▸ TASK OBJECTIVE
Transcribe exactly the lines from the one containing "Localize the beige" through the last line of the listing below, inclusive, and nothing beyond them.

▸ SOURCE DATA

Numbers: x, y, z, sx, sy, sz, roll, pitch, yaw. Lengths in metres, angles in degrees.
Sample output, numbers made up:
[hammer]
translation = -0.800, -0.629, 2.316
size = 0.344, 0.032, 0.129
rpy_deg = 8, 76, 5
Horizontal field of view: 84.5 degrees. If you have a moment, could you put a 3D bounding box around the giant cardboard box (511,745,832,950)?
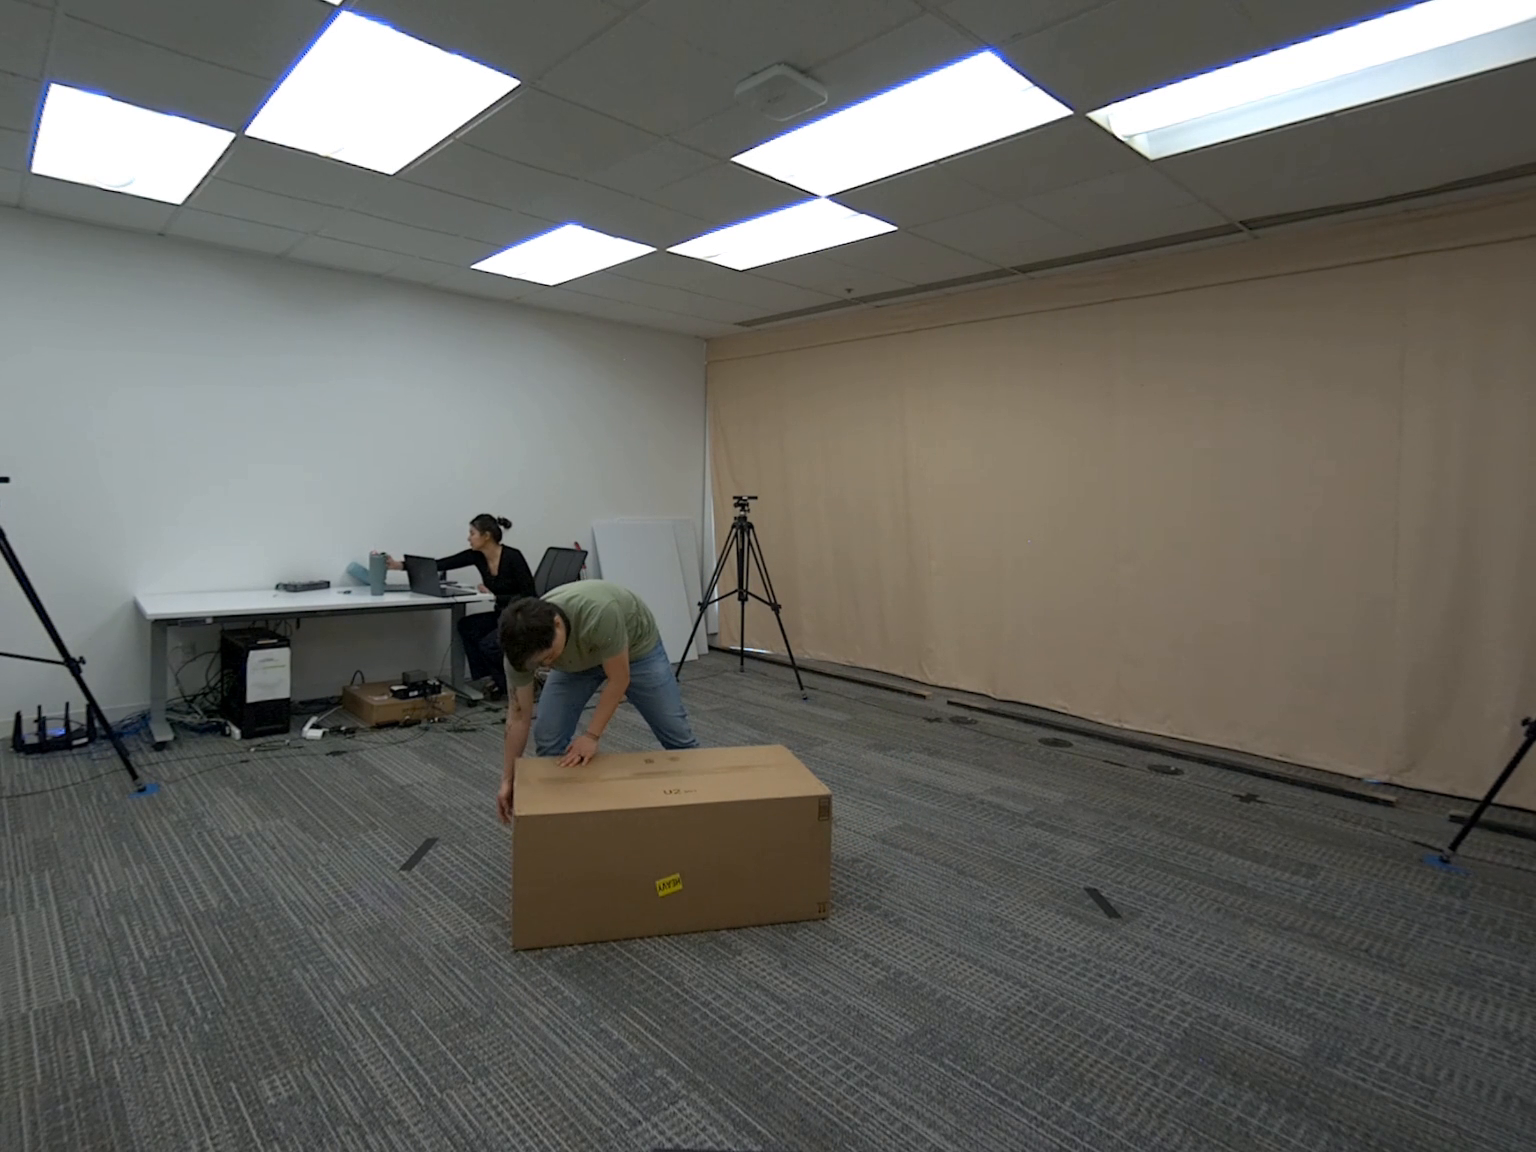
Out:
[giant cardboard box]
translation = -0.361, 0.899, 2.931
size = 1.014, 0.425, 0.586
rpy_deg = 0, 4, -15
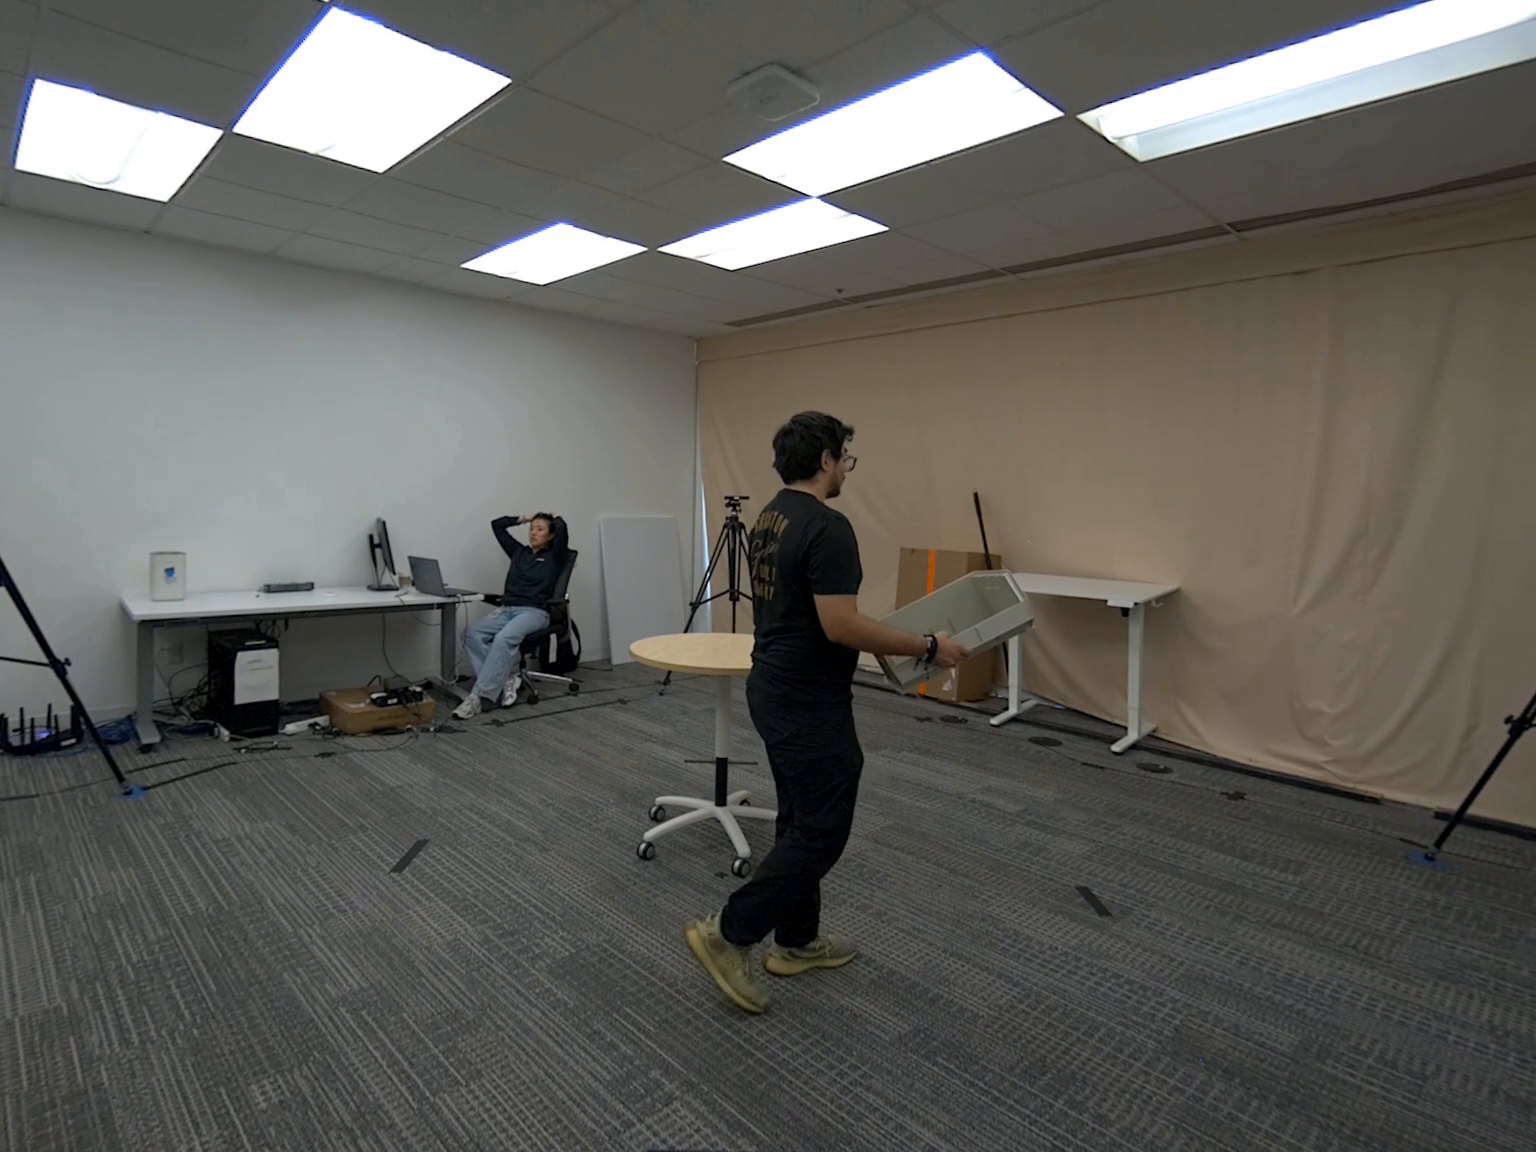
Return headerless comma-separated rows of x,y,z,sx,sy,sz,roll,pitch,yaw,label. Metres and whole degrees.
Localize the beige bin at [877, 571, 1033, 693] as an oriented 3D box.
0.495,0.160,2.451,0.422,0.189,0.377,-27,-1,-3,beige bin

▸ ANSWER SECTION
Localize the beige bin at [877, 571, 1033, 693] as an oriented 3D box.
0.495,0.160,2.451,0.422,0.189,0.377,-27,-1,-3,beige bin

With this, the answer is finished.